Search code examples
python-3.xword-count

Compare, remove, and count words in Text file


I want to compare two text files f1.txt, and f2.txt, remove the common words found in both files from f2.txt and sort the new f2.txt in descending order by frequency

My approach:

  1. Make a list of words fro both f1.txt and f2.txt.
  2. Remove unwanted characters from the text input.
  3. Compare the two list and remove common words from the list generated from f2.txt
  4. sorting words in the list generated from f2.txt by frequency
with open(sys.argv[1]) as f1,open(sys.argv[2]) as f2:
    passage = f2.read()
    common = f1.read()
words = re.findall(r'\w+', passage)
common_words = re.findall(r'\w+', common)
passage_text = [words.lower() for words in words]
final = set(passage_text) - set(common_words)
word_count = Counter(final)
for word, count in word_count.items():
    print(word, ":", count)

I expect the output to be so thing like:

Foo:          12
Bar:          11
Baz:           3
Longword:      1

but I am getting the count frequency for every word to be 1


Solution

  • Your value final contains only unique words (one for each), that's why the Counter shows only 1 occurrence.
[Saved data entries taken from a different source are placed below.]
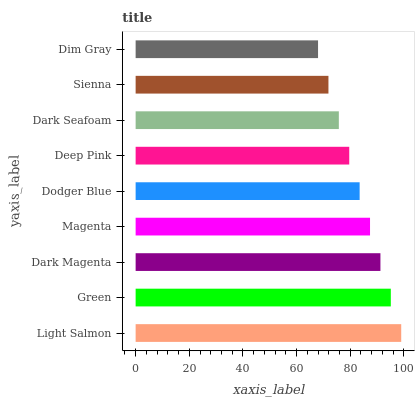Is Dim Gray the minimum?
Answer yes or no. Yes. Is Light Salmon the maximum?
Answer yes or no. Yes. Is Green the minimum?
Answer yes or no. No. Is Green the maximum?
Answer yes or no. No. Is Light Salmon greater than Green?
Answer yes or no. Yes. Is Green less than Light Salmon?
Answer yes or no. Yes. Is Green greater than Light Salmon?
Answer yes or no. No. Is Light Salmon less than Green?
Answer yes or no. No. Is Dodger Blue the high median?
Answer yes or no. Yes. Is Dodger Blue the low median?
Answer yes or no. Yes. Is Deep Pink the high median?
Answer yes or no. No. Is Green the low median?
Answer yes or no. No.

You need to filter passage_text with this set of words and pass that filtered list to Counter:

    import re
    from collections import Counter
    
    passage = '''
        Foo and Bar and Baz or Longword
        Bar or Baz
        Foo foo foo
    '''
    
    common = '''and or'''
    
    words = re.findall(r'\w+', passage)
    common_words = re.findall(r'\w+', common)
    passage_text = [words.lower() for words in words]
    final_set = set(passage_text) - set(common_words)
    word_count = Counter([w for w in passage_text if w in final_set])
    for word, count in sorted(word_count.items(), key=lambda k: -k[1]): # or word_count.most_common()
        print(word, ":", count)
    

    Prints:

    foo : 4
    bar : 2
    baz : 2
    longword : 1